### TO DO
Give back each record precisely, pictures excluded.

[Records from a dataset]
===============

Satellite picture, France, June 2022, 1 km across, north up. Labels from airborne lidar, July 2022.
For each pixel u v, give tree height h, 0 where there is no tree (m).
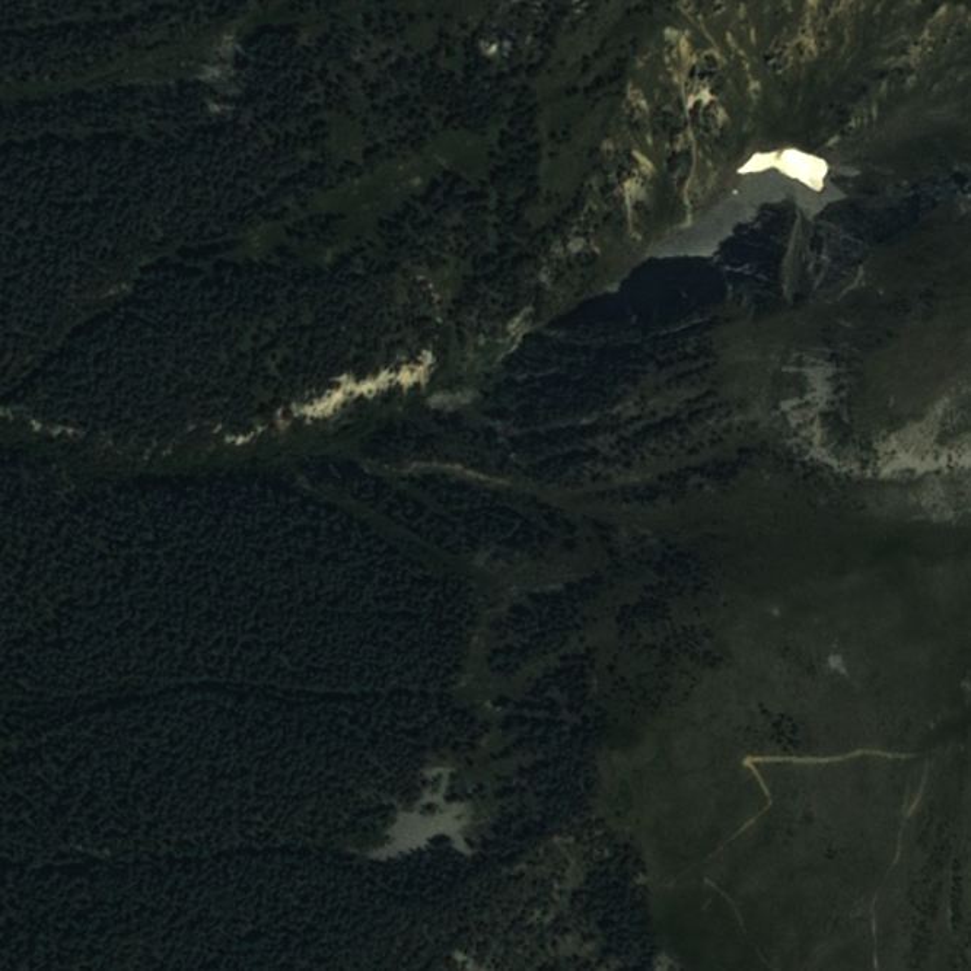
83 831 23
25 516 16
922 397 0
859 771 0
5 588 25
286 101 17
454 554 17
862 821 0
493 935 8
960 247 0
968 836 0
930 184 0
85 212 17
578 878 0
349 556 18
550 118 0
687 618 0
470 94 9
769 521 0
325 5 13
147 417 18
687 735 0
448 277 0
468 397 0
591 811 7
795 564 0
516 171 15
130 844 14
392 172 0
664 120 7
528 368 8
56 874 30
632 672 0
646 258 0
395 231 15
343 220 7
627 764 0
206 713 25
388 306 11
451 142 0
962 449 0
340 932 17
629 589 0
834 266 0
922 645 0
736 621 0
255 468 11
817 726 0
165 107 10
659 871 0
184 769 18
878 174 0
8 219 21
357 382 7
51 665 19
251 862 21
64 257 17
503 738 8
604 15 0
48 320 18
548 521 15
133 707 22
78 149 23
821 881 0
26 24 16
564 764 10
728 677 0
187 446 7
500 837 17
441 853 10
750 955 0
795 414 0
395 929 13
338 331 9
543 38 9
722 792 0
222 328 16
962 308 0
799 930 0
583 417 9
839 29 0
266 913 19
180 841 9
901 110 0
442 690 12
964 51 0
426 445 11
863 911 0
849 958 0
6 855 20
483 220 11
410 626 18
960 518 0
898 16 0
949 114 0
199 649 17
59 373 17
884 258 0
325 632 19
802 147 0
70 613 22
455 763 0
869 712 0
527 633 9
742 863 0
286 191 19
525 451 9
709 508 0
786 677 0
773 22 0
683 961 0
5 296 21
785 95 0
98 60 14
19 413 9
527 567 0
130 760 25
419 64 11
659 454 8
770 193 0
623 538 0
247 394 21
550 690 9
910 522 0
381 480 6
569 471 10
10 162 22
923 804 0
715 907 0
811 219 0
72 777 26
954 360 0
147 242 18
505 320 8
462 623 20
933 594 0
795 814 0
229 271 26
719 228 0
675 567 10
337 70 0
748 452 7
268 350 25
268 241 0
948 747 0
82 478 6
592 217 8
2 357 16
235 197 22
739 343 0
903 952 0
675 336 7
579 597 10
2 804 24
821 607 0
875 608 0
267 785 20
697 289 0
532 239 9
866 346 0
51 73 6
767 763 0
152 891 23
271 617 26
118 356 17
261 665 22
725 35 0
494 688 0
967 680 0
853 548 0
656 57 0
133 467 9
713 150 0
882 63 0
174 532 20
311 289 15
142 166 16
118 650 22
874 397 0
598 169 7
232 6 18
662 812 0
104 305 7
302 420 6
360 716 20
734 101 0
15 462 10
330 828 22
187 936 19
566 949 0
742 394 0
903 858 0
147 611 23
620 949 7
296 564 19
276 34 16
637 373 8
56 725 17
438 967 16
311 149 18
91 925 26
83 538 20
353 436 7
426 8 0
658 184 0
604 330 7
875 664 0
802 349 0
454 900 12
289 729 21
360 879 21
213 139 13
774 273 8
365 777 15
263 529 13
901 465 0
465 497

===============

### TASK SOLUTION
Satellite picture, France, June 2022, 1 km across, north up. Labels from airborne lidar, July 2022.
For each pixel u v, give tree height h, 0 where there is no tree (m).
83 831 23
25 516 16
922 397 0
859 771 0
5 588 25
286 101 17
454 554 17
862 821 0
493 935 8
960 247 0
968 836 0
930 184 0
85 212 17
578 878 0
349 556 18
550 118 0
687 618 0
470 94 9
769 521 0
325 5 13
147 417 18
687 735 0
448 277 0
468 397 0
591 811 7
795 564 0
516 171 15
130 844 14
392 172 0
664 120 7
528 368 8
56 874 30
632 672 0
646 258 0
395 231 15
343 220 7
627 764 0
206 713 25
388 306 11
451 142 0
962 449 0
340 932 17
629 589 0
834 266 0
922 645 0
736 621 0
255 468 11
817 726 0
165 107 10
659 871 0
184 769 18
878 174 0
8 219 21
357 382 7
51 665 19
251 862 21
64 257 17
503 738 8
604 15 0
48 320 18
548 521 15
133 707 22
78 149 23
821 881 0
26 24 16
564 764 10
728 677 0
187 446 7
500 837 17
441 853 10
750 955 0
795 414 0
395 929 13
338 331 9
543 38 9
722 792 0
222 328 16
962 308 0
799 930 0
583 417 9
839 29 0
266 913 19
180 841 9
901 110 0
442 690 12
964 51 0
426 445 11
863 911 0
849 958 0
6 855 20
483 220 11
410 626 18
960 518 0
898 16 0
949 114 0
199 649 17
59 373 17
884 258 0
325 632 19
802 147 0
70 613 22
455 763 0
869 712 0
527 633 9
742 863 0
286 191 19
525 451 9
709 508 0
786 677 0
773 22 0
683 961 0
5 296 21
785 95 0
98 60 14
19 413 9
527 567 0
130 760 25
419 64 11
659 454 8
770 193 0
623 538 0
247 394 21
550 690 9
910 522 0
381 480 6
569 471 10
10 162 22
923 804 0
715 907 0
811 219 0
72 777 26
954 360 0
147 242 18
505 320 8
462 623 20
933 594 0
795 814 0
229 271 26
719 228 0
675 567 10
337 70 0
748 452 7
268 350 25
268 241 0
948 747 0
82 478 6
592 217 8
2 357 16
235 197 22
739 343 0
903 952 0
675 336 7
579 597 10
2 804 24
821 607 0
875 608 0
267 785 20
697 289 0
532 239 9
866 346 0
51 73 6
767 763 0
152 891 23
271 617 26
118 356 17
261 665 22
725 35 0
494 688 0
967 680 0
853 548 0
656 57 0
133 467 9
713 150 0
882 63 0
174 532 20
311 289 15
142 166 16
118 650 22
874 397 0
598 169 7
232 6 18
662 812 0
104 305 7
302 420 6
360 716 20
734 101 0
15 462 10
330 828 22
187 936 19
566 949 0
742 394 0
903 858 0
147 611 23
620 949 7
296 564 19
276 34 16
637 373 8
56 725 17
438 967 16
311 149 18
91 925 26
83 538 20
353 436 7
426 8 0
658 184 0
604 330 7
875 664 0
802 349 0
454 900 12
289 729 21
360 879 21
213 139 13
774 273 8
365 777 15
263 529 13
901 465 0
465 497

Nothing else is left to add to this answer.